Camels that were in great demand once — for farming, transport and p-trolling by the Border Security Force — are less in demand now than ever before. To preserve Rabari lifestyles and livelihoods, KUUMS, along with Sahjeevan, a Bhuj-based non-profit, along with the state Directorate of Animal Husbandry Department and the milk marketing cooperative Amul are now trying to promote camel’s milk as a healthy, low-fat milk option.
Some experts, such as Kachhia Patel at the Directorate – and Rabaris in general – consider it medicinal. Patel has published testimonies of people who have cured diabetes and other illnesses by regularly consuming camel’s milk.
With their local mangrove largely out of bounds, Rabaris of Tunda Wand often take their camels to the natural mangroves on the creek of Rand Bandar (harbour), a place where fisher folk of three local villages camp in huts made of sackcloth and plastic over the fishing season from September to March.
Welcome and no
The fisher folk welcome the Rabaris, as they say when camels eat the top foliage, mangrove plants thrive just like manicured garden plants. “Besides, camel footprints stamp mangrove seeds firmly in the mud, helping them stay and grow without being swept away by tides and waves,” says Hassan Ahmed, a veteran fisherman.
However, camels are not welcome in all fishing hamlets. “We find them a nuisance, they come and destroy young plants,” says an elderly fisherman in nearby Luni village.

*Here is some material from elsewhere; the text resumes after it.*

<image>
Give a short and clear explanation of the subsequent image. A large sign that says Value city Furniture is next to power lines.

The villagers have planted several kilometres of fresh mangroves sponsored by an industry giant. “When we challenge them, they dare us to go to police or forest officials and complain!” the fisherman said. Ranabhai defends such tactics of occupation: “What do we do? We have to feed the camels.” He says a healthy camel could weigh up to a tonne and need 40 kg of fodder a day.

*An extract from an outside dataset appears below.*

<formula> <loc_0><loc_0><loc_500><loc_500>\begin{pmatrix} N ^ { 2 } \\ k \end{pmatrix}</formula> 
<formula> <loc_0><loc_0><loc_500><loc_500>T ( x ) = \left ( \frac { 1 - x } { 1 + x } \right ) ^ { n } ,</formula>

Ranabhai’s teenager son walks along the village patch, herding buffaloes. He says he wants to be like his father, though the villagers have to option to take up casual labor for the industries as his mother sometimes does. “I want to be my own malik (boss).” He walks the dirt track, his hands resting on the shepherd’s stick placed across his shoulder.
M M Paniyil is a journalist based in Bangalore.